For pairings, the evolution of cost for multipairing is stable but the price is 5x the actual cost.
Hence I suggest moving from 43000*k + 65000
to 8600*k + 13000
The discounts are too steep and need adjustment.

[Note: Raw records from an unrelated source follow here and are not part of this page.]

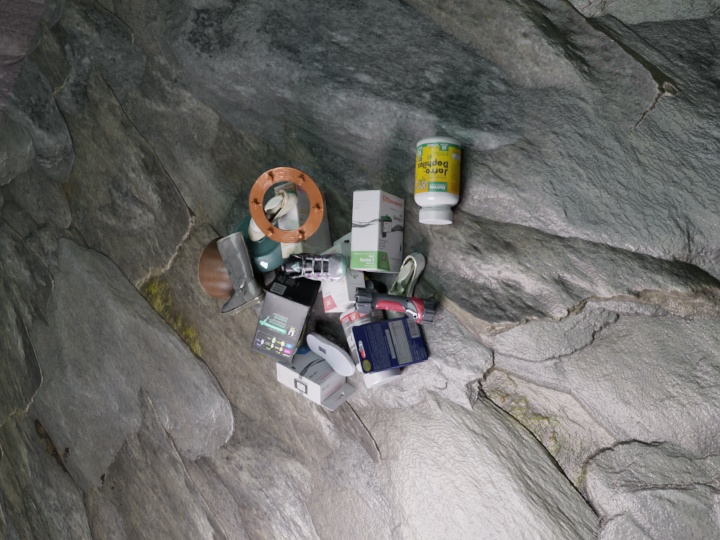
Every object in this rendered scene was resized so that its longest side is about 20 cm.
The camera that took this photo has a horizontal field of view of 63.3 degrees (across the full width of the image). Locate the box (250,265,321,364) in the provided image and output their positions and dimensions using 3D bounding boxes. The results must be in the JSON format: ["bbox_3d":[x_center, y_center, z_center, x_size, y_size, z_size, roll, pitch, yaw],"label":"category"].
[{"bbox_3d":[-0.202,0.121,1.590,0.123,0.149,0.201,20,119,0],"label":"box"}]

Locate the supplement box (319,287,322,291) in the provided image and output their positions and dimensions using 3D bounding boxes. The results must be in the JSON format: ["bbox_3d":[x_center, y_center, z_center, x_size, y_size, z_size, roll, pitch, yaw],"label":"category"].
[{"bbox_3d":[-0.159,0.042,1.675,0.199,0.069,0.067,-33,72,23],"label":"supplement box"}]

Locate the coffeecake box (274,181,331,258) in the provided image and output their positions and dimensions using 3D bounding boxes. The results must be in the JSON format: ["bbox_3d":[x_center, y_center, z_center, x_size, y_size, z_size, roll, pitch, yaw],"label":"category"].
[{"bbox_3d":[-0.157,-0.132,1.636,0.073,0.153,0.202,-14,78,29],"label":"coffeecake box"}]

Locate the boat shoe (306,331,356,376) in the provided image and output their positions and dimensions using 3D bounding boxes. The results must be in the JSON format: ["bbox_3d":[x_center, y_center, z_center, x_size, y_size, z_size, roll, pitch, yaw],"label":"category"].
[{"bbox_3d":[-0.066,0.219,1.590,0.199,0.066,0.071,24,121,46],"label":"boat shoe"}]

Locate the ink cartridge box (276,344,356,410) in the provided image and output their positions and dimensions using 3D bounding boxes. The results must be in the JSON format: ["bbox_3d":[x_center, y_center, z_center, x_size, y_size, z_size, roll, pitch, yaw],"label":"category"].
[{"bbox_3d":[-0.118,0.287,1.592,0.199,0.116,0.067,21,124,31],"label":"ink cartridge box"}]

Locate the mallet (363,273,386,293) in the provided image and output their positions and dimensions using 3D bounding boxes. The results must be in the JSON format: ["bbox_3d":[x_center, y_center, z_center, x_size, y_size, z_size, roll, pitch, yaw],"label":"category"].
[{"bbox_3d":[0.000,0.000,1.602,0.041,0.066,0.200,-53,48,17],"label":"mallet"}]

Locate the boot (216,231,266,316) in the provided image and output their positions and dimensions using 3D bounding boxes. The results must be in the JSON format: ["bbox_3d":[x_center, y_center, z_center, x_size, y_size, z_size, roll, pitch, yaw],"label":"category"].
[{"bbox_3d":[-0.352,0.012,1.609,0.181,0.073,0.201,-25,96,27],"label":"boot"}]

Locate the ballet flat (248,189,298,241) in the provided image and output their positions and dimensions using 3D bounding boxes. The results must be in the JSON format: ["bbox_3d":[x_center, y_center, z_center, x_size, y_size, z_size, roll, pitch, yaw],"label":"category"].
[{"bbox_3d":[-0.250,-0.154,1.569,0.200,0.062,0.068,-41,69,24],"label":"ballet flat"}]

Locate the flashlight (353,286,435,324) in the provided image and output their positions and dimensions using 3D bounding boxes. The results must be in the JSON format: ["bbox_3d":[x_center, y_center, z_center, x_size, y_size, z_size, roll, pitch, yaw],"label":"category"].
[{"bbox_3d":[0.083,0.093,1.456,0.068,0.198,0.068,-97,16,-57],"label":"flashlight"}]

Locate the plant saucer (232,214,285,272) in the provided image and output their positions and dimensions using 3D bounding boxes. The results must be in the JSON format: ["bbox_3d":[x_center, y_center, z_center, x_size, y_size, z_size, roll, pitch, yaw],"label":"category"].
[{"bbox_3d":[-0.282,-0.092,1.653,0.198,0.036,0.202,-4,65,8],"label":"plant saucer"}]

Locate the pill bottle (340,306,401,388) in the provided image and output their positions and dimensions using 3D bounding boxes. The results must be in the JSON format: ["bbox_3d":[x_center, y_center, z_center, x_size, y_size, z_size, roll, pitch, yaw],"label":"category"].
[{"bbox_3d":[0.029,0.194,1.517,0.113,0.114,0.202,-29,72,27],"label":"pill bottle"}]

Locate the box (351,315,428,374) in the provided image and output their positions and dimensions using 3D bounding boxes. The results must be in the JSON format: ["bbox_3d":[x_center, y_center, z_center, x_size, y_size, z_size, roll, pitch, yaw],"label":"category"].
[{"bbox_3d":[0.068,0.184,1.451,0.032,0.198,0.122,-33,67,54],"label":"box"}]

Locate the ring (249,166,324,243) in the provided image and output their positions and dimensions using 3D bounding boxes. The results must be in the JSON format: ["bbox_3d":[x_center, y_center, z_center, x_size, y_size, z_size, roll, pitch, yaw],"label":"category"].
[{"bbox_3d":[-0.193,-0.166,1.508,0.198,0.019,0.202,3,110,8],"label":"ring"}]

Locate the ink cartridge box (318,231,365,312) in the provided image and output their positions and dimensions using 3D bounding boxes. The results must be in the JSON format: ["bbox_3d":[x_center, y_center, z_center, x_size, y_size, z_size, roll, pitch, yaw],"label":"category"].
[{"bbox_3d":[-0.053,0.001,1.561,0.116,0.067,0.202,-27,66,49],"label":"ink cartridge box"}]

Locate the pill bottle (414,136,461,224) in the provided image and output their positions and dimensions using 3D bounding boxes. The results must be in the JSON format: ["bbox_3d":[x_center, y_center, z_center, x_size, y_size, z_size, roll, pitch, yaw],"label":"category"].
[{"bbox_3d":[0.191,-0.220,1.451,0.112,0.112,0.202,2,87,32],"label":"pill bottle"}]

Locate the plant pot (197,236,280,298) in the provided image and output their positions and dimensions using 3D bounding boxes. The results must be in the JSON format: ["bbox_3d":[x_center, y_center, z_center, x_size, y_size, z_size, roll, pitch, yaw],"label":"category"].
[{"bbox_3d":[-0.341,0.003,1.721,0.198,0.186,0.189,8,90,31],"label":"plant pot"}]

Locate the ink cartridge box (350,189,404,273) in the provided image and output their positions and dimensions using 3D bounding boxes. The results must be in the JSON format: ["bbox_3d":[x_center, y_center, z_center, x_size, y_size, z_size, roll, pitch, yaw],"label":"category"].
[{"bbox_3d":[0.046,-0.098,1.512,0.084,0.146,0.202,1,87,30],"label":"ink cartridge box"}]

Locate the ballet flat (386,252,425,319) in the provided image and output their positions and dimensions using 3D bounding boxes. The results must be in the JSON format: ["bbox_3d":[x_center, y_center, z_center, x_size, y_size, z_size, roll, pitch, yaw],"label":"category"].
[{"bbox_3d":[0.105,0.045,1.511,0.069,0.069,0.202,28,101,30],"label":"ballet flat"}]

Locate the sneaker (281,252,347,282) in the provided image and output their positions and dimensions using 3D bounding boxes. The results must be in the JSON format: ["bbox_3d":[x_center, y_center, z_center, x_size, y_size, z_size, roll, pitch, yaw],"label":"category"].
[{"bbox_3d":[-0.134,-0.007,1.497,0.199,0.139,0.079,-6,83,54],"label":"sneaker"}]

Primitive | Current cost | Suggested cost | Ryzen 7840U 28W 3.3GHz turbo 5.1GHz - clang+ASM - current | Ryzen 7840U 28W 3.3GHz turbo 5.1GHz - clang+ASM - repriced | Intel i5-5257U 15W 2.3GHz turbo 2.8GHz - clang+noASM+intrinsics - current | Intel i5-5257U 15W 2.3GHz turbo 2.8GHz - clang+noASM+intrinsics - repriced |
---|---|---|---|---|---|---|
G1MSM 2 | 2 * 12000 * 888 / 1000 = 21312 | 2 * 3800 * 999 / 1000 = 7592 | 121.74 Mgas/s | 43.37 Mgas/s | 39.46 Mgas/s | 14.06 Mgas/s |
G1MSM 4 | 4 * 12000 * 641 / 1000 = 30768 | 4 * 3800 * 919 / 1000 = 13969 | 102.15 Mgas/s | 46.38 Mgas/s | 31.77 Mgas/s | 14.42 Mgas/s |
G1MSM 8 | 8 * 12000 * 453 / 1000 = 43488 | 8 * 3800 * 813 / 1000 = 24715 | 81.67 Mgas/s | 46.41 Mgas/s | 28.10 Mgas/s | 15.97 Mgas/s |
G1MSM 16 | 16 * 12000 * 334 / 1000 = 64128 | 16 * 3800 * 728 / 1000 = 44262 | 67.23 Mgas/s | 46.40 Mgas/s | 22.78 Mgas/s | 15.72 Mgas/s |
G1MSM 32 | 32 * 12000 * 268 / 1000 = 102912 | 32 * 3800 * 668 / 1000 = 81229 | 59.01 Mgas/s | 46.58 Mgas/s | 20.42 Mgas/s | 16.12 Mgas/s |
G1MSM 64 | 64 * 12000 * 221 / 1000 = 169728 | 64 * 3800 * 630 / 1000 = 153216 | 51.40 Mgas/s | 46.40 Mgas/s | 18.18 Mgas/s | 16.41 Mgas/s |
G1MSM 128 | 128 * 12000 * 174 / 1000 = 267264 | 128 * 3800 * 602 / 1000 = 292813 | 42.37 Mgas/s | 46.42 Mgas/s | 15.22 Mgas/s | 16.65 Mgas/s |
G2MSM 2 | 2 * 45000 * 888 / 1000 = 79920 | 2 * 6100 * 999 / 1000 = 12188 | 274.23 Mgas/s | 41.82 Mgas/s | 85.47 Mgas/s | 13.03 Mgas/s |
G2MSM 4 | 4 * 45000 * 641 / 1000 = 115380 | 4 * 6100 * 919 / 1000 = 22424 | 168.31 Mgas/s | 32.71 Mgas/s | 69.02 Mgas/s | 13.41 Mgas/s |
G2MSM 8 | 8 * 45000 * 453 / 1000 = 163080 | 8 * 6100 * 813 / 1000 = 39674 | 177.98 Mgas/s | 42.77 Mgas/s | 55.77 Mgas/s | 13.57 Mgas/s |
G2MSM 16 | 16 * 45000 * 334 / 1000 = 240480 | 16 * 6100 * 728 / 1000 = 71053 | 150.39 Mgas/s | 44.43 Mgas/s | 48.60 Mgas/s | 14.36 Mgas/s |
G2MSM 32 | 32 * 45000 * 268 / 1000 = 385920 | 32 * 6100 * 668 / 1000 = 130394 | 136.80 Mgas/s | 46.22 Mgas/s | 44.21 Mgas/s | 14.94 Mgas/s |
G2MSM 64 | 64 * 45000 * 221 / 1000 = 636480 | 64 * 6100 * 630 / 1000 = 245952 | 119.28 Mgas/s | 46.09 Mgas/s | 39.68 Mgas/s | 15.33 Mgas/s |
G2MSM 128 | 128 * 45000 * 174 / 1000 = 1002240 | 128 * 6100 * 602 / 1000 = 470042 | 101.59 Mgas/s | 47.64 Mgas/s | 33.94 Mgas/s | 15.92 Mgas/s |
EIP-4844 introduced a point evaluation precompile that is mostly a double pairing at 50000 gas: EIP-4844: Shard Blob Transactions
On my machine that is 1283.318 operations/s so 64.17Mgas/s
I can introduce benchmarks later but they seem mispriced by a factor over 10x for multiplication and about 10x for pairings.